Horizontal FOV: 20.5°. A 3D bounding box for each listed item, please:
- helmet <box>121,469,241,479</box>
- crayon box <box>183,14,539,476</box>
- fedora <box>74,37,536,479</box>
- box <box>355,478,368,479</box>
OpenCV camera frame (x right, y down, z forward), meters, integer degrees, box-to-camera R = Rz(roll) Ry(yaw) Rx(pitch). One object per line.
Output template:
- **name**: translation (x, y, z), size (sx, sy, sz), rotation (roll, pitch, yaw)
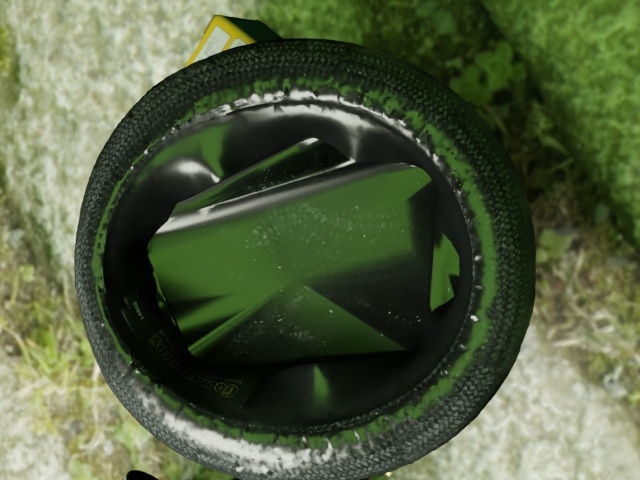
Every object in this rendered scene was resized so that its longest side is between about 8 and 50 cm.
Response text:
- **helmet**: translation (-0.098, 0.256, 1.381), size (0.161, 0.169, 0.169), rotation (-13, 87, 7)
- **crayon box**: translation (0.000, 0.000, 1.368), size (0.323, 0.083, 0.203), rotation (40, 107, 18)
- **fedora**: translation (0.000, 0.013, 1.239), size (0.334, 0.152, 0.334), rotation (1, 92, 20)
- **box**: translation (0.016, 0.195, 1.379), size (0.018, 0.067, 0.083), rotation (13, 97, 22)
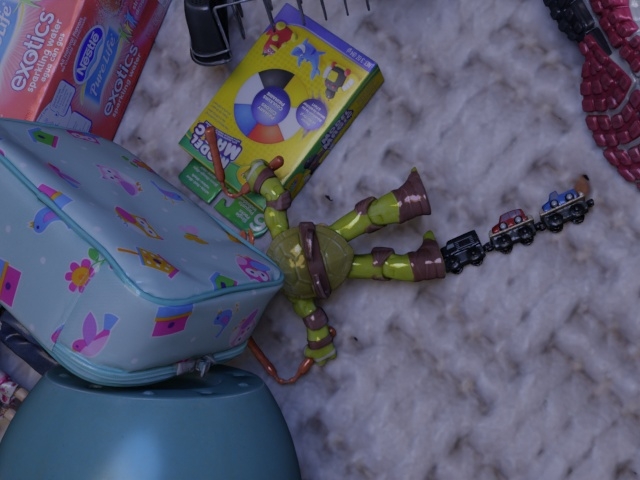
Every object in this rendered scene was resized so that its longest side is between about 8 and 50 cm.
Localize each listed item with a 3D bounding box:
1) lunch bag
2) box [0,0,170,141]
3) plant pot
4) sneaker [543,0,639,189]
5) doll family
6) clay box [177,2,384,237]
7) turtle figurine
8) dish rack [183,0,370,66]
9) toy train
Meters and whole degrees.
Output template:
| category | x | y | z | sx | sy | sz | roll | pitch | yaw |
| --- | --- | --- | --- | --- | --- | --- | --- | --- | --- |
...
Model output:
| category | x | y | z | sx | sy | sz | roll | pitch | yaw |
| --- | --- | --- | --- | --- | --- | --- | --- | --- | --- |
| lunch bag | -0.176 | 0.006 | 0.721 | 0.279 | 0.224 | 0.108 | 38 | 106 | 21 |
| box | -0.301 | -0.187 | 0.917 | 0.142 | 0.154 | 0.300 | 20 | 86 | 16 |
| plant pot | -0.146 | 0.227 | 0.709 | 0.293 | 0.293 | 0.235 | 4 | 92 | 14 |
| sneaker | 0.309 | -0.185 | 0.794 | 0.112 | 0.121 | 0.299 | -14 | 83 | -21 |
| doll family | -0.319 | 0.069 | 0.910 | 0.163 | 0.118 | 0.263 | 35 | 107 | 11 |
| clay box | -0.051 | -0.125 | 0.897 | 0.127 | 0.053 | 0.222 | 37 | 89 | 17 |
| turtle figurine | 0.000 | 0.000 | 0.816 | 0.217 | 0.087 | 0.269 | -16 | 97 | 2 |
| dish rack | -0.016 | -0.297 | 0.879 | 0.271 | 0.074 | 0.208 | -12 | 51 | 5 |
| toy train | 0.191 | -0.012 | 0.833 | 0.158 | 0.027 | 0.036 | -23 | 64 | 9 |
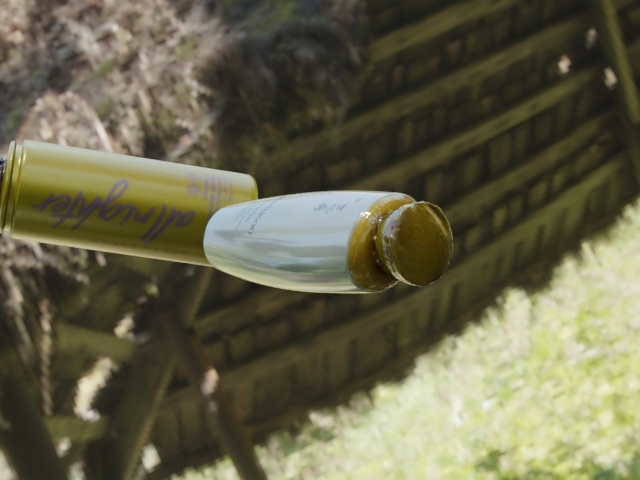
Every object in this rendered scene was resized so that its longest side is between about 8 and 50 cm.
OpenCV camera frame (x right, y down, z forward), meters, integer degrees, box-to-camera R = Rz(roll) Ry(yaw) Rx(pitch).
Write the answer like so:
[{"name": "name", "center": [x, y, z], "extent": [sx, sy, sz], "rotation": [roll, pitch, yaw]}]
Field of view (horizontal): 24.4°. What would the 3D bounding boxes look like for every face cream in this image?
[{"name": "face cream", "center": [-0.189, -0.033, 1.147], "extent": [0.273, 0.078, 0.078], "rotation": [9, -21, -13]}, {"name": "face cream", "center": [0.000, 0.000, 0.881], "extent": [0.182, 0.051, 0.072], "rotation": [3, 40, 50]}]

+++++

**The problem**
Send back exactly, with nothing added, the lines from the first line of the material above through the line holding "object per line."; both ends are included.

**Output for this exercise**
Horizontal FOV: 20.5°. A 3D bounding box for each listed item, please:
- helmet <box>121,469,241,479</box>
- crayon box <box>183,14,539,476</box>
- fedora <box>74,37,536,479</box>
- box <box>355,478,368,479</box>
OpenCV camera frame (x right, y down, z forward), meters, integer degrees, box-to-camera R = Rz(roll) Ry(yaw) Rx(pitch). One object per line.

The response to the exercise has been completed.